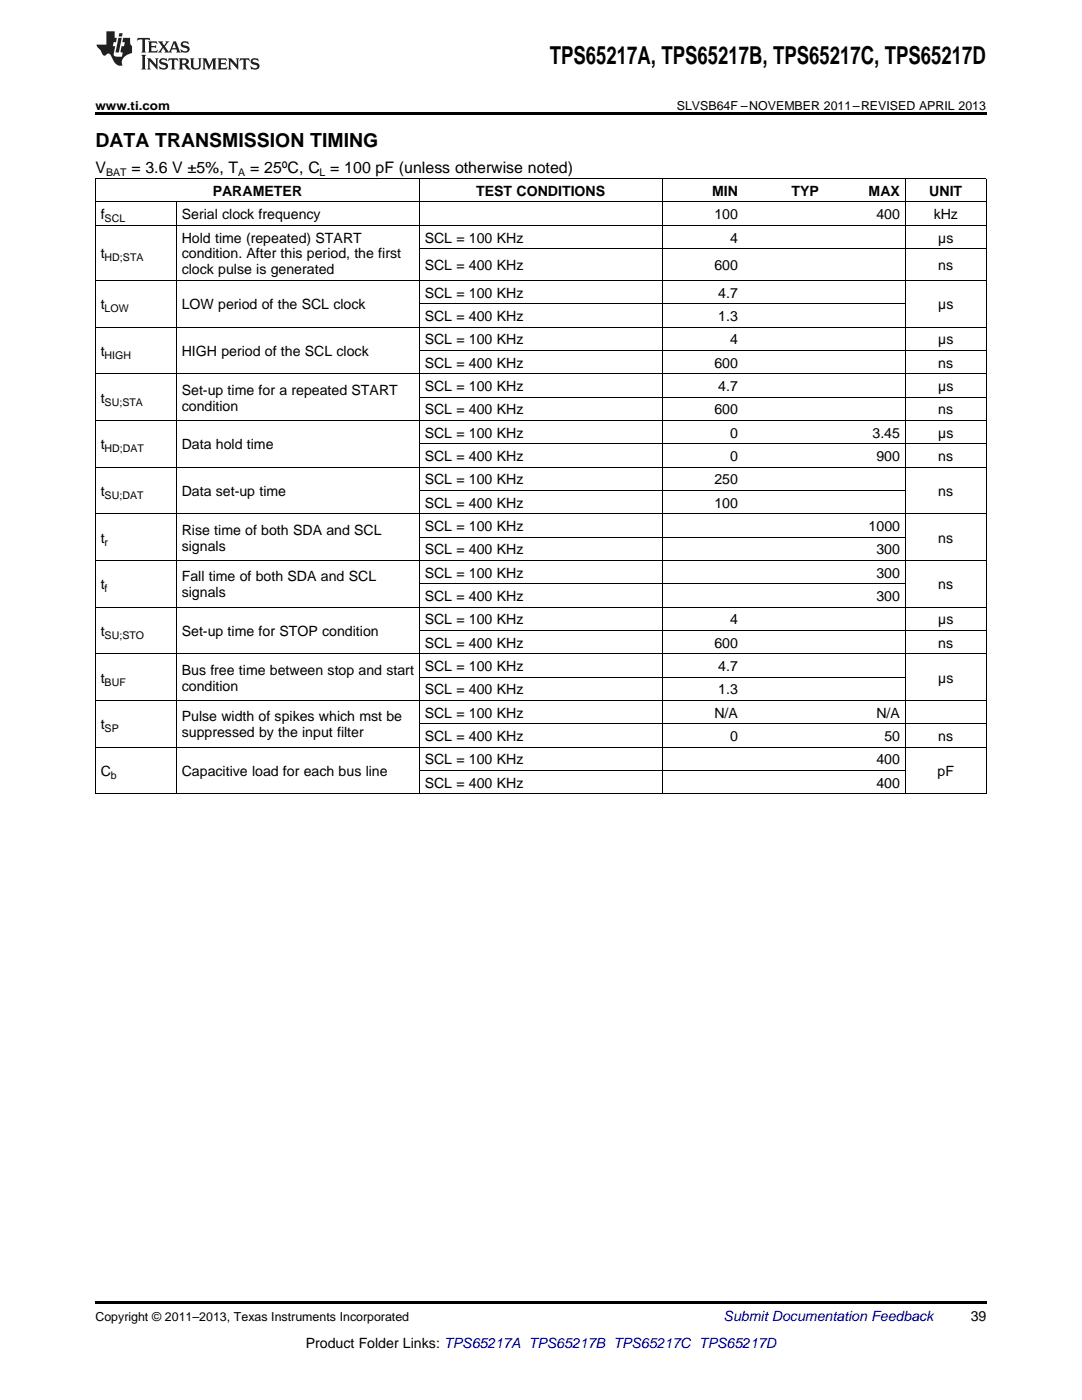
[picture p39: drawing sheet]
<svg xmlns="http://www.w3.org/2000/svg" width="216mm" height="279mm" viewBox="0 0 216 279" stroke-linecap="round" stroke-linejoin="round" font-family="sans-serif">
<defs><g id="words">
<text font-size="4.9" x="109.7" y="12.8">TPS65217A, TPS65217B, TPS65217C, TPS65217D</text>
<text font-size="3.9" x="19" y="29.3">DATA TRANSMISSION TIMING</text>
<g font-size="3.2">
<text x="19" y="34.4">V</text>
<text x="26.2" y="34.4">= 3.6 V ±5%, T</text>
<text x="49.9" y="34.4">= 25ºC, C = 100 pF (unless otherwise noted)</text>
</g>
<g font-size="2.8">
<text x="42.4" y="39.1">PARAMETER</text>
<text x="95" y="39.1">TEST CONDITIONS</text>
<text x="142.1" y="39.1">MIN</text>
<text x="157.9" y="39.1">TYP</text>
<text x="173.3" y="39.1">MAX</text>
<text x="185.4" y="39.1">UNIT</text>
<text x="20.1" y="43.7">f</text>
<text x="36.3" y="43.7">Serial clock frequency</text>
<text x="142.6" y="43.7">100</text>
<text x="174.9" y="43.7">400</text>
<text x="186.3" y="43.7">kHz</text>
<text x="20.1" y="51.6">t</text>
<text x="36.3" y="48.4">Hold time (repeated) START</text>
<text x="36.3" y="51.6">condition. After this period, the first</text>
<text x="84.7" y="48.4">SCL = 100 KHz</text>
<text x="84.7" y="53.9">SCL = 400 KHz</text>
<text x="142.6" y="53.9">600</text>
<text x="145.7" y="48.4">4</text>
<text x="187.2" y="48.4">µs</text>
<text x="187.2" y="53.9">ns</text>
<text x="36.3" y="54.8">clock pulse is generated</text>
<text x="84.7" y="59.4">SCL = 100 KHz</text>
<text x="143.3" y="59.4">4.7</text>
<text x="20.1" y="61.7">t</text>
<text x="36.3" y="61.7">LOW period of the SCL clock</text>
<text x="84.7" y="64.1">SCL = 400 KHz</text>
<text x="143.3" y="64.1">1.3</text>
<text x="187.2" y="61.7">µs</text>
<text x="20.1" y="71">t</text>
<text x="36.3" y="71">HIGH period of the SCL clock</text>
<text x="84.7" y="68.7">SCL = 100 KHz</text>
<text x="145.7" y="68.7">4</text>
<text x="187.2" y="68.7">µs</text>
<text x="84.7" y="73.4">SCL = 400 KHz</text>
<text x="142.6" y="73.4">600</text>
<text x="187.2" y="73.4">ns</text>
<text x="20.1" y="80.4">t</text>
<text x="36.3" y="78.8">Set-up time for a repeated START</text>
<text x="36.3" y="82">condition</text>
<text x="84.7" y="78">SCL = 100 KHz</text>
<text x="84.7" y="82.7">SCL = 400 KHz</text>
<text x="142.6" y="82.7">600</text>
<text x="143.3" y="78">4.7</text>
<text x="187.2" y="78">µs</text>
<text x="187.2" y="82.7">ns</text>
<text x="20.1" y="89.7">t</text>
<text x="36.3" y="89.7">Data hold time</text>
<text x="84.7" y="87.3">SCL = 100 KHz</text>
<text x="145.7" y="87.3">0</text>
<text x="174.1" y="87.3">3.45</text>
<text x="187.2" y="87.3">µs</text>
<text x="84.7" y="92">SCL = 400 KHz</text>
<text x="145.7" y="92">0</text>
<text x="174.9" y="92">900</text>
<text x="187.2" y="92">ns</text>
<text x="20.1" y="99">t</text>
<text x="36.3" y="99">Data set-up time</text>
<text x="84.7" y="96.7">SCL = 100 KHz</text>
<text x="84.7" y="101.3">SCL = 400 KHz</text>
<text x="142.6" y="96.7">250</text>
<text x="142.6" y="101.3">100</text>
<text x="187.2" y="99">ns</text>
<text x="36.3" y="106.7">Rise time of both SDA and SCL</text>
<text x="84.7" y="106">SCL = 100 KHz</text>
<text x="173.3" y="106">1000</text>
<text x="20.1" y="108.3">t</text>
<text x="36.3" y="109.9">signals</text>
<text x="84.7" y="110.6">SCL = 400 KHz</text>
<text x="174.9" y="110.6">300</text>
<text x="187.2" y="108.3">ns</text>
<text x="20.1" y="117.6">t</text>
<text x="36.3" y="116">Fall time of both SDA and SCL</text>
<text x="36.3" y="119.2">signals</text>
<text x="84.7" y="115.3">SCL = 100 KHz</text>
<text x="84.7" y="119.9">SCL = 400 KHz</text>
<text x="174.9" y="115.3">300</text>
<text x="174.9" y="119.9">300</text>
<text x="187.2" y="117.6">ns</text>
<text x="84.7" y="124.6">SCL = 100 KHz</text>
<text x="145.7" y="124.6">4</text>
<text x="187.2" y="124.6">µs</text>
<text x="20.1" y="126.9">t</text>
<text x="36.3" y="126.9">Set-up time for STOP condition</text>
<text x="84.7" y="129.3">SCL = 400 KHz</text>
<text x="142.6" y="129.3">600</text>
<text x="187.2" y="129.3">ns</text>
<text x="20.1" y="136.2">t</text>
<text x="36.3" y="134.7">Bus free time between stop and start</text>
<text x="36.3" y="137.8">condition</text>
<text x="84.7" y="133.9">SCL = 100 KHz</text>
<text x="143.3" y="133.9">4.7</text>
<text x="187.2" y="136.2">µs</text>
<text x="36.3" y="144">Pulse width of spikes which mst be</text>
<text x="84.7" y="138.6">SCL = 400 KHz</text>
<text x="84.7" y="143.2">SCL = 100 KHz</text>
<text x="142.6" y="143.2">N/A</text>
<text x="143.3" y="138.6">1.3</text>
<text x="174.9" y="143.2">N/A</text>
<text x="20.1" y="145.6">t</text>
<text x="36.3" y="147.1">suppressed by the input filter</text>
<text x="84.7" y="147.9">SCL = 400 KHz</text>
<text x="145.7" y="147.9">0</text>
<text x="176.5" y="147.9">50</text>
<text x="187.2" y="147.9">ns</text>
<text x="20.1" y="154.9">C</text>
<text x="36.3" y="154.9">Capacitive load for each bus line</text>
<text x="84.7" y="152.5">SCL = 100 KHz</text>
<text x="174.9" y="152.5">400</text>
<text x="187.1" y="154.9">pF</text>
<text x="84.7" y="157.2">SCL = 400 KHz</text>
<text x="174.9" y="157.2">400</text>
<text x="193.7" y="263.6">39</text>
<text x="61" y="269">Product Folder Links: TPS65217A TPS65217B TPS65217C TPS65217D</text>
</g>
<text font-size="2.8" fill="#0000c8" x="144.4" y="263.6">Submit Documentation Feedback</text>
<g font-size="2.5">
<text x="19" y="21.9">www.ti.com</text>
<text x="135" y="21.9">SLVSB64F –NOVEMBER 2011–REVISED APRIL 2013</text>
<text x="19" y="263.6">Copyright © 2011–2013, Texas Instruments Incorporated</text>
</g>
<g font-size="2.1">
<text x="21.2" y="35.1">BAT</text>
<text x="47.6" y="35.1">A</text>
<text x="63.8" y="35.1">L</text>
<text x="20.9" y="44.3">SCL</text>
<text x="20.9" y="52.1">HD;STA</text>
<text x="20.9" y="62.3">LOW</text>
<text x="20.9" y="71.6">HIGH</text>
<text x="20.9" y="80.9">SU;STA</text>
<text x="20.9" y="90.2">HD;DAT</text>
<text x="20.9" y="99.6">SU;DAT</text>
<text x="20.9" y="108.9">r</text>
<text x="20.9" y="118.2">f</text>
<text x="20.9" y="127.5">SU;STO</text>
<text x="20.9" y="136.8">BUF</text>
<text x="20.9" y="146.1">SP</text>
<text x="22.1" y="155.4">b</text>
</g>
</g></defs>
<path d="M19 22.5h177.8v.5h-177.8zM19 259.7h177.8v.5h-177.8z" fill="#000"/>
<g fill="none" stroke="#000" stroke-width=".2">
<path d="M19 35.6h177.8M19.1 35.7v122.8M83.6 35.7v122.8M132.1 35.7v122.8M180.6 35.7v122.8M196.8 35.7v122.8M19 56h177.8M19 45h177.8M19 40.3h177.8M35.2 40.4v118.1M83.7 49.6h113.1M19 74.6h177.8"/>
<path d="M19 65.3h177.8M83.7 79.3h113.1M83.7 69.9h113.1M83.7 60.6h97M19 93.2h177.8M19 83.9h177.8M83.7 97.9h97M83.7 88.6h113.1M19 111.8h177.8M19 102.5h177.8M83.7 116.5h97M83.7 107.2h97"/>
<path d="M19 139.8h177.8M19 130.5h177.8M19 121.2h177.8M83.7 135.1h97M83.7 125.8h113.1M19 158.4h177.8M19 149.1h177.8M83.7 153.8h97M83.7 144.4h113.1"/>
</g>
<g fill="#231f20">
<path d="M27.5 7.6l-.1 .5 .4-.2h.6v.1v2.1l-.2 .4h1l-.3-.4v-2.1l.1-.1h.5l.5 .2-.2-.5zM29.5 8.3l.2 .3v1.5l-.2 .4h1.8l.2-.6a1.04 1.04 0 0 1-1.3 .2v-.7h.6l.3 .2v-.6l-.3 .2h-.6v-.6l.8-.1 .4 .3-.2-.5zM31.5 8.3l.9 1.1-.9 1.1h.8l-.2-.2 .5-.7 .4 .7-.2 .2h1.5l-.1-.2 .1-.4h.9l.1 .4-.2 .2h1l-.3-.3-.7-1.9h-.5l-.9 2-.8-1 .9-1h-.8l.1 .3-.3 .5-.4-.6 .2-.2zM34.7 8.6l.4 1h-.7zM36.3 8.4a.63 .63 0 0 0-.2 .7 .63 .63 0 0 0 .6 .4l.6 .2 .1 .2a.75 .75 0 0 1-.7 .4 .75 .75 0 0 1-.6-.5l.1 .7 .1-.1a1.11 1.11 0 0 0 1.5-.6 1.13 1.13 0 0 0-1.2-.8l-.1-.4a1.04 1.04 0 0 1 1.2 .2l-.2-.5-.1 .1-.5-.2zM28.2 10.9l.2 .4v2.2l-.2 .4h1l-.3-.4v-2.2l.3-.4zM29.3 11.6l.3 .4v1.5l-.3 .4h.8l-.2-.4v-1.3l1.5 1.7v-1.9l.2-.4h-.7l.2 .4v.9l-1.1-1.3zM32 11.8a.62 .62 0 0 0-.2 .7 .62 .62 0 0 0 .6 .4l.6 .1 .1 .3a.76 .76 0 0 1-.7 .3 .76 .76 0 0 1-.6-.4l.1 .7 .1-.1a1.11 1.11 0 0 0 1.5-.6 1.13 1.13 0 0 0-1.2-.8l-.1-.4a1.04 1.04 0 0 1 1.2 .2l-.2-.6-.1 .1-.5-.1zM33.7 11.6l-.2 .6a.61 .61 0 0 1 .8-.3v1.6l-.2 .4h.9l-.2-.4v-1.6a.63 .63 0 0 1 .8 .3l-.2-.6zM35.6 11.6l.3 .4v1.5l-.3 .4h1l-.2-.2v-.8l.5 .2a.76 .76 0 0 0 1.2 .7l-1-1a.58 .58 0 0 0 .6-.5 .58 .58 0 0 0-.5-.6zM36.4 11.9h.1a.45 .45 0 0 1 .5 .1 .45 .45 0 0 1 .1 .5l-.7 .2zM37.9 11.6l.2 .2a2.17 2.17 0 0 0 .3 1.9 .99 .99 0 0 0 1.6-.6v-1.1l.2-.4h-.7l.2 .2a1.92 1.92 0 0 1-.2 1.8 .6 .6 0 0 1-.9-.5v-1.1l.2-.4zM40.4 11.6l.2 .4v1.5l-.2 .4h.7l-.2-.4v-1.4l.8 1.8 .8-1.8v1.4l-.2 .4h.9l-.2-.4v-1.5l.2-.4h-.8l-.6 1.5-.6-1.5zM43.4 11.6l.2 .4v1.5l-.2 .4h1.8l.2-.6a1.04 1.04 0 0 1-1.3 .1v-.6h.5l.4 .2v-.6l-.4 .2h-.5v-.7h.8l.3 .3-.1-.6zM45.5 11.6l.2 .4v1.5l-.2 .4h.7l-.2-.4v-1.3l1.5 1.7v-1.9l.2-.4h-.7l.2 .4v.9l-1.1-1.3zM47.9 11.6l-.1 .6a.61 .61 0 0 1 .8-.3v1.6l-.3 .4h1l-.3-.4 .1-1.6a.63 .63 0 0 1 .7 .3l-.1-.6zM50.2 11.8a.62 .62 0 0 0-.2 .7 .62 .62 0 0 0 .6 .4l.6 .1 .2 .3a.76 .76 0 0 1-.8 .3 .76 .76 0 0 1-.6-.4l.1 .7 .2-.1a1.11 1.11 0 0 0 1.5-.6 1.13 1.13 0 0 0-1.3-.8l-.1-.4a1.04 1.04 0 0 1 1.2 .2l-.1-.6-.2 .1-.5-.1z"/>
<path d="M21.2 6.3v2.6h-1.9l.1 .4 .7 .9a.91 .91 0 0 0 1 .8 .56 .56 0 0 1 .5-.3 .56 .56 0 0 1 .5 .3l.4 .8a1.53 1.53 0 0 0 1.9 1.2 1.54 1.54 0 0 1 1-2.1l.9-.3v-1.4a1.52 1.52 0 0 1-.3-1.6h-1.4l-.2 .8h.5l-.2 .8h-.4l-.2 1v.2l.4 .1-.2 .8a1.93 1.93 0 0 1-1.6-.3l.3-1.8h-.5l.2-.8h.4l.2-.8h-.4v-1.3zM23.6 7.6l-.6 2.9h.7l.6-2.9zM23.8 6.6l-.1 .7h.6l.2-.7z"/>
</g>
<use href="#words"/>
</svg>

TASK PROMPT – Whenever the string "both" shows up in a line of the records, copy that line.

RESULT –
<text x="36.3" y="106.7">Rise time of both SDA and SCL</text>
<text x="36.3" y="116">Fall time of both SDA and SCL</text>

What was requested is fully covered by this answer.